This invention relates generally to semiconductor sheets, and more specifically to methods and apparatus for manufacturing semiconductor wafers.
Wafers formed of semiconductor materials are used in a variety of applications and most, if not all, such applications require an increasing number of such wafers. For example, the use of photovoltaic systems has become more common and of greater importance in the production of energy. Moreover, the use of photovoltaic systems is therefore expected to increase dramatically. At least some known photovoltaic systems use a semiconductor substrate, such as a substrate consisting of single crystal or poly-crystalline silicon. However, the use of photovoltaic technology may be limited by the cost of semiconductor wafers used in the photovoltaic systems.

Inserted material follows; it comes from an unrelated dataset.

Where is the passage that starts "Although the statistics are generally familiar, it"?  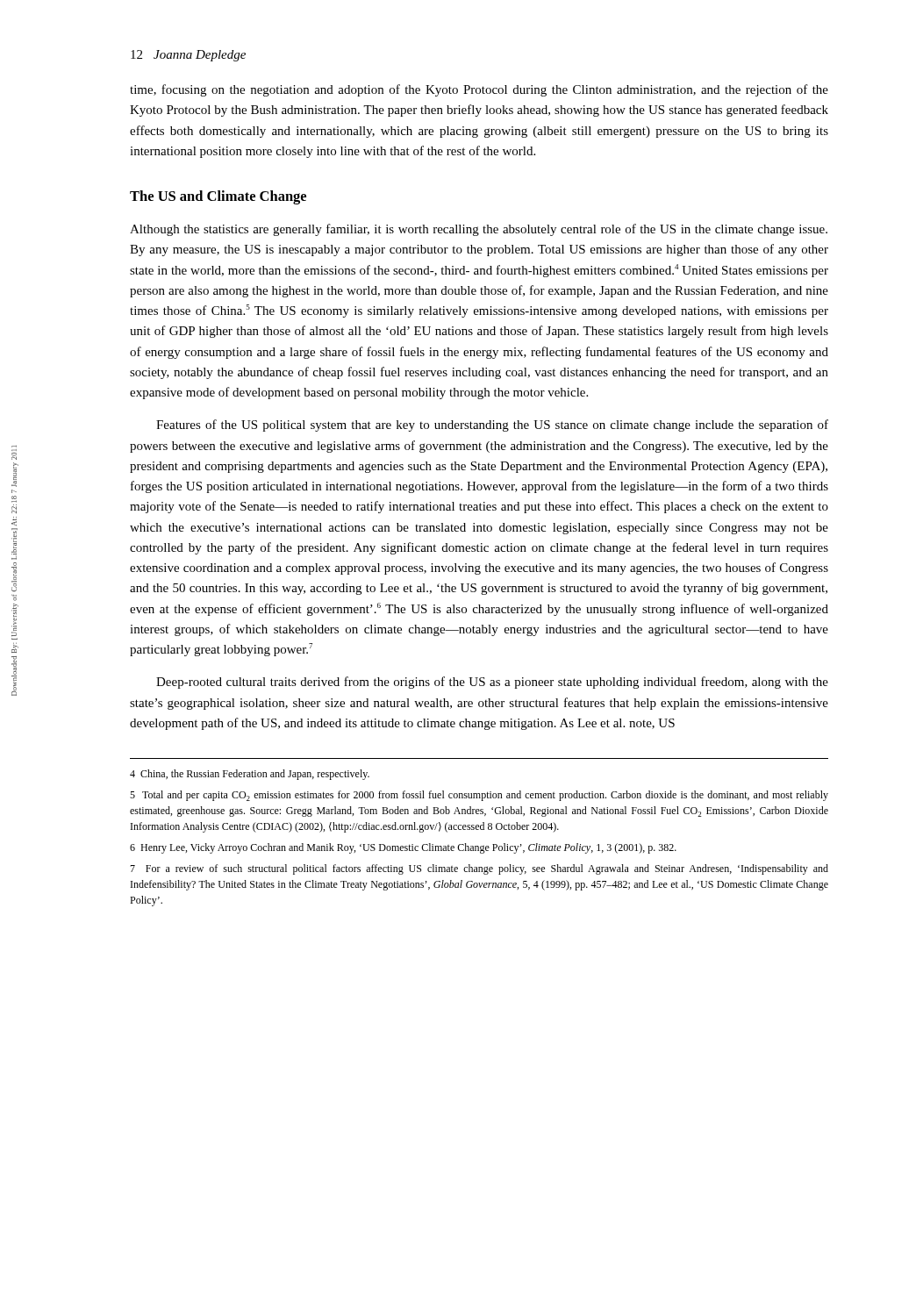pos(479,311)
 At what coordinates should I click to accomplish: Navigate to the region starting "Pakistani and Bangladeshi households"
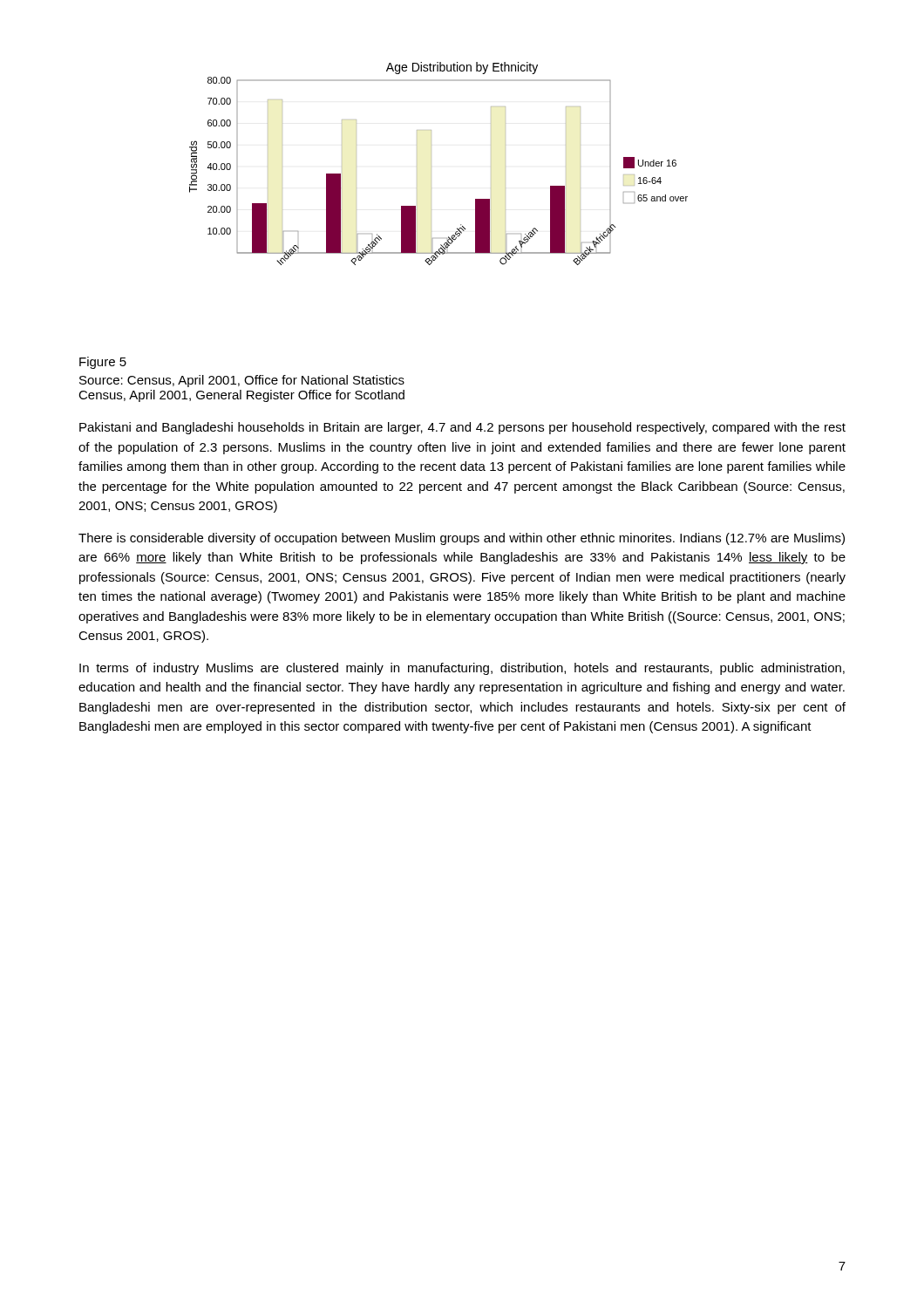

A wide variety of fabrication methods exist for producing semiconductor wafers. In at least one known fabrication method, poly-crystalline silicon wafers for use in solar cells are produced by melting a high-purity material in an inert atmosphere. In such a method, the resulting silicon melt is cooled to form a polycrystalline ingot which is then sliced with a wire saw or an inner diameter blade to produce wafers of a desired thickness and size.
Other known fabrication methods of producing wafers rely on a random nucleation of crystals in the semiconductor material melt. Such methods generally produce low-cost wafers, but because control of the nucleation of the semiconductor material melt is difficult, such wafers are generally of a low quality. Use of low-quality wafers within photovoltaic cells generally lowers the efficiency of such cells. Moreover, because the control of the nucleation of the semiconductor material is difficult, the costs of manufacturing such wafers is generally higher than with other fabrication methods.